● TASK DETAILS:
Lines with the word "forward" are the ones wanted. Copy each of them from the entries below.

● THE RECORDS:
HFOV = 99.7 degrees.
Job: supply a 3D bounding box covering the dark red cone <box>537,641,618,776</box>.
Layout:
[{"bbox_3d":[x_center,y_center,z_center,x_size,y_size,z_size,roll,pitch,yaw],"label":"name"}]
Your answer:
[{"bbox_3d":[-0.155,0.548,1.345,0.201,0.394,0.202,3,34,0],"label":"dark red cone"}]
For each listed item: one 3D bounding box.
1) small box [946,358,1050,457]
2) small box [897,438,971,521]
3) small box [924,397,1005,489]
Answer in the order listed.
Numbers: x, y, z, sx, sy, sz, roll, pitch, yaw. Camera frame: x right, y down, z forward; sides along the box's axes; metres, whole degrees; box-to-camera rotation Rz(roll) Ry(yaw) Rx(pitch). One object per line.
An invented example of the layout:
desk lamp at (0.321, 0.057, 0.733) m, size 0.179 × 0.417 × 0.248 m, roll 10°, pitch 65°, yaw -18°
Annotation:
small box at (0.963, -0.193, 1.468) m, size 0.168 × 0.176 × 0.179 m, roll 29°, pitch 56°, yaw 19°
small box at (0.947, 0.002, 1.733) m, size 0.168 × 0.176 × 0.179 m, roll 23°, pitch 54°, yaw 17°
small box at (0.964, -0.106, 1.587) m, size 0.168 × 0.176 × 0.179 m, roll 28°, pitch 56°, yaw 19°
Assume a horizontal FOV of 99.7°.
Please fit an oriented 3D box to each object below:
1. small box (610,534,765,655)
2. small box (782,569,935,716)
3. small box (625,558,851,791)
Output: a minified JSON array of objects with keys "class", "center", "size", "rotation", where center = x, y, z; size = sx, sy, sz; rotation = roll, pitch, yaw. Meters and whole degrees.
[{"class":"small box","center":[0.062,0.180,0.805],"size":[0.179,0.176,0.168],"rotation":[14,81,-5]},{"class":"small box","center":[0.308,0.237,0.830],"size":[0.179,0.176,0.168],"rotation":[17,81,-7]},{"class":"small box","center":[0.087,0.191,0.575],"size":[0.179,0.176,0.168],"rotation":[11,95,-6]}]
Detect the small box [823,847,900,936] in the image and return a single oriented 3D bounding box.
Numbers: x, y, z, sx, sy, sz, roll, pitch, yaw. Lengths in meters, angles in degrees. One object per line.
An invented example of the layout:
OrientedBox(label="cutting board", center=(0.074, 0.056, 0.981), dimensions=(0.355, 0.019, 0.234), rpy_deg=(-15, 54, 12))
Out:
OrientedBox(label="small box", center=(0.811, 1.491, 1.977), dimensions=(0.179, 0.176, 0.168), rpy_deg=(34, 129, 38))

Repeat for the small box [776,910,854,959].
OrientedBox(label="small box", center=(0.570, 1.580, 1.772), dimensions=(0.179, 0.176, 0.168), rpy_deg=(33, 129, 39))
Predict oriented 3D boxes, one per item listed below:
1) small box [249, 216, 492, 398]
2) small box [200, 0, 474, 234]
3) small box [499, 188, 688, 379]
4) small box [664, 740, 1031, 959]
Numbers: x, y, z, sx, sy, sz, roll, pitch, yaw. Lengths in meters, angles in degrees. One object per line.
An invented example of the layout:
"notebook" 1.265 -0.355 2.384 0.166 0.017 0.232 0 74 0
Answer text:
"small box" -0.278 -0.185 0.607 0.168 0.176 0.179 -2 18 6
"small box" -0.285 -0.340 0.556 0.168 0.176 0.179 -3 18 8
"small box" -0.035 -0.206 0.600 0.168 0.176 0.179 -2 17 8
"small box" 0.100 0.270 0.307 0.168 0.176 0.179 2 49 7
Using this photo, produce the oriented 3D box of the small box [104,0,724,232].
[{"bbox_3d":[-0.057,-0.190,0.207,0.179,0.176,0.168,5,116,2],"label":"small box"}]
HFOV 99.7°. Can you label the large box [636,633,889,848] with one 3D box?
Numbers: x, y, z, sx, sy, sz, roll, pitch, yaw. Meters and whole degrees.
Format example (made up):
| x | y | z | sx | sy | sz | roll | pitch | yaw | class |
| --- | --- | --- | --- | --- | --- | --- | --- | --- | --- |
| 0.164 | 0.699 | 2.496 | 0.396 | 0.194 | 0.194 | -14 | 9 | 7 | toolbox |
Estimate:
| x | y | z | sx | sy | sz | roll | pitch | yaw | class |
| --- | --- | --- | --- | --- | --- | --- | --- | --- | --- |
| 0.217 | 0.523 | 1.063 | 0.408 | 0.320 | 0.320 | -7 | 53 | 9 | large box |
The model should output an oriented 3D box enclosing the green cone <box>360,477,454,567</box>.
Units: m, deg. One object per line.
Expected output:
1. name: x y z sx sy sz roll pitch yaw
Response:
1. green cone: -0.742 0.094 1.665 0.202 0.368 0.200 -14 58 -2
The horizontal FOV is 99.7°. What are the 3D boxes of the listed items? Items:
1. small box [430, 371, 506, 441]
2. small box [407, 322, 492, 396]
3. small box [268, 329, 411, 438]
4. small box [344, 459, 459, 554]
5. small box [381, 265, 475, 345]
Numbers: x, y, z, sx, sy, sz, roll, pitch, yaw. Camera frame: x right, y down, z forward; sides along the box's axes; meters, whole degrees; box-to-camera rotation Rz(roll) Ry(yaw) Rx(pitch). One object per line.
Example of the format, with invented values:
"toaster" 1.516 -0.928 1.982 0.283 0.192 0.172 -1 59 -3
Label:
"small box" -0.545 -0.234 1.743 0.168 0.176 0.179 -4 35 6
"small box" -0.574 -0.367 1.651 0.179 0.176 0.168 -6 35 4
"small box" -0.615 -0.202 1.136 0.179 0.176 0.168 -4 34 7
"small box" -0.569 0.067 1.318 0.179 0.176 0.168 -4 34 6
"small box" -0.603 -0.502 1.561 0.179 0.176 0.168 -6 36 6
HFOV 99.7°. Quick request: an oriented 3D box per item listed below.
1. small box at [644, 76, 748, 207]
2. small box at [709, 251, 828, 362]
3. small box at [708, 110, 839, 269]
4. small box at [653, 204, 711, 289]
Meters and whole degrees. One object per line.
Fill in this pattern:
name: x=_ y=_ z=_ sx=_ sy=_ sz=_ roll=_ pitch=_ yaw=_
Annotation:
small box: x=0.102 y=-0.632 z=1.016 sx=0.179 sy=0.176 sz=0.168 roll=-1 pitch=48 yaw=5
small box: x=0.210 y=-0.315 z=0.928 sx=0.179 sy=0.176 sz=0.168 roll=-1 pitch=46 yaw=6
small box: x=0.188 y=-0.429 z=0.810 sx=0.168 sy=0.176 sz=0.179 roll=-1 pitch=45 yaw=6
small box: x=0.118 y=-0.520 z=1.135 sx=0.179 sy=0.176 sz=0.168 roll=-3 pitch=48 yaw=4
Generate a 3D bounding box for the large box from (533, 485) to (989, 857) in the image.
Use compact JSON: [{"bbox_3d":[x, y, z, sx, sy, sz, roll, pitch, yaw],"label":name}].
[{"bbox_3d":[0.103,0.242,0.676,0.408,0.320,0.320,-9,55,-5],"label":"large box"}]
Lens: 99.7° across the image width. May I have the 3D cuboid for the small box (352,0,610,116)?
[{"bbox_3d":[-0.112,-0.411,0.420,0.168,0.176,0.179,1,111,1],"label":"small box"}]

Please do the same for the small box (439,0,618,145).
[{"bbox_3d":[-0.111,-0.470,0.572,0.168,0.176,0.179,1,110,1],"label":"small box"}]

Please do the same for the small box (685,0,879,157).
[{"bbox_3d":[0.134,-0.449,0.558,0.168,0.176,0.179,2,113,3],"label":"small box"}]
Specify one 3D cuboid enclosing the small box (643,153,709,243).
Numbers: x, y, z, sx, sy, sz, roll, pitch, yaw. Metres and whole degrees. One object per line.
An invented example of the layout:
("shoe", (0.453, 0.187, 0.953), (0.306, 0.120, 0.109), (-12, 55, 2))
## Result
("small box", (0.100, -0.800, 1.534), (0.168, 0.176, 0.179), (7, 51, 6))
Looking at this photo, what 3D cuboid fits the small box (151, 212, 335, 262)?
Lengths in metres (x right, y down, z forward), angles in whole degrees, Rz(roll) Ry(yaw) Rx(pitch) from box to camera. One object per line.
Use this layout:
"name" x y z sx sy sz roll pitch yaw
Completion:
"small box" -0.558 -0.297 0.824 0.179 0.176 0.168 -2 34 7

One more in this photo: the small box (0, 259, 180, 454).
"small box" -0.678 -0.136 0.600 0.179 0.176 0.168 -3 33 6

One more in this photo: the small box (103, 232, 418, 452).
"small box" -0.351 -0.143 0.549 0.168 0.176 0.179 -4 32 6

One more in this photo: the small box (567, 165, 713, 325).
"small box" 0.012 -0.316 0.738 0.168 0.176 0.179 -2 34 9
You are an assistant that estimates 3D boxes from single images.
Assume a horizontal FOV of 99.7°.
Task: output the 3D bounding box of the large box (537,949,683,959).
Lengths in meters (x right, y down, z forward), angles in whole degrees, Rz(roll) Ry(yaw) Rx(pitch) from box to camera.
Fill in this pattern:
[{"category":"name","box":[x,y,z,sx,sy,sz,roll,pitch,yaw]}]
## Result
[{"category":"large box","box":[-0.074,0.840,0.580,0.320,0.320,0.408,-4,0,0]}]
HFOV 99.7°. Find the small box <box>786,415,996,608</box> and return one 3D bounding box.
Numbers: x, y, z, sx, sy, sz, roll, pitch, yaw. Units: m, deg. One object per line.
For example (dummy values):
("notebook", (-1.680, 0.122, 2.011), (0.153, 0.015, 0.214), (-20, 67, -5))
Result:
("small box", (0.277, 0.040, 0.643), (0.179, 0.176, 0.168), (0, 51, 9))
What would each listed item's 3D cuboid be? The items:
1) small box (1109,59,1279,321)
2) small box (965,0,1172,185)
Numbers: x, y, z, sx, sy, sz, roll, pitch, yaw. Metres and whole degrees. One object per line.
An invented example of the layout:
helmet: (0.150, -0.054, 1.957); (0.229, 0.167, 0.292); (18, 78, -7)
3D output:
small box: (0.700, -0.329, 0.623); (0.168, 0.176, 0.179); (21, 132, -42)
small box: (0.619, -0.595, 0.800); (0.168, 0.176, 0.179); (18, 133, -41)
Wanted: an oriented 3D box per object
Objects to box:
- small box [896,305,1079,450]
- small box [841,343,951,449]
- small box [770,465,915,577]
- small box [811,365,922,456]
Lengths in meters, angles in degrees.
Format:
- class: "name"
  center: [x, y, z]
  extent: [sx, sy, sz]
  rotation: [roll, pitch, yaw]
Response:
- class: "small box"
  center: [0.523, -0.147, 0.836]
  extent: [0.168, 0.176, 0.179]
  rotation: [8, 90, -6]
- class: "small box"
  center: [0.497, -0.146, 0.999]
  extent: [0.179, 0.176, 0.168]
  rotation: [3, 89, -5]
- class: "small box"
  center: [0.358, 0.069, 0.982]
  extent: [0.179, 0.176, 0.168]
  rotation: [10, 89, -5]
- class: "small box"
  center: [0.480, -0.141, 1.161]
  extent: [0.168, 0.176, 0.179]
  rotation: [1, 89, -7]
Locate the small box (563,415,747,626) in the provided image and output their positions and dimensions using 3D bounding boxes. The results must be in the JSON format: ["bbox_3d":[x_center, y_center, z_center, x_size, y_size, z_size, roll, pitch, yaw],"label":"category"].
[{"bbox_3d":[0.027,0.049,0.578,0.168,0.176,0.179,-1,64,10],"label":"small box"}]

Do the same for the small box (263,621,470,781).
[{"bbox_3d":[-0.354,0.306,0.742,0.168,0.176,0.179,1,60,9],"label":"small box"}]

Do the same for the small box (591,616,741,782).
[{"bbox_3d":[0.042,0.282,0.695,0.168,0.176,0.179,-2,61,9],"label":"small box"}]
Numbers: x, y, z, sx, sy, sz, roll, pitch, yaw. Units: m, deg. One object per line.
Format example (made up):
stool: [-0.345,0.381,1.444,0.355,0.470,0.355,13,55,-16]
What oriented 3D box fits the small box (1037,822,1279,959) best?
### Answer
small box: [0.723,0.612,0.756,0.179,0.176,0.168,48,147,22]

● WRITTEN SOLUTION:
Numbers: x, y, z, sx, sy, sz, roll, pitch, yaw. Camera frame: x right, y down, z forward; sides along the box's axes; metres, whole degrees; box-to-camera rotation Rz(roll) Ry(yaw) Rx(pitch). One object per line.
Numbers: x, y, z, sx, sy, sz, roll, pitch, yaw. Camera frame: x right, y down, z forward; sides along the box's axes; meters, whole degrees; box-to-camera rotation Rz(roll) Ry(yaw) Rx(pitch). One object per line.
Lengths in metres (x right, y down, z forward), angles in whole degrees, Rz(roll) Ry(yaw) Rx(pitch) from box to camera. One object per line.
Lengths in meters (x right, y down, z forward), angles in whole degrees, Rz(roll) Ry(yaw) Rx(pitch) from box to camera.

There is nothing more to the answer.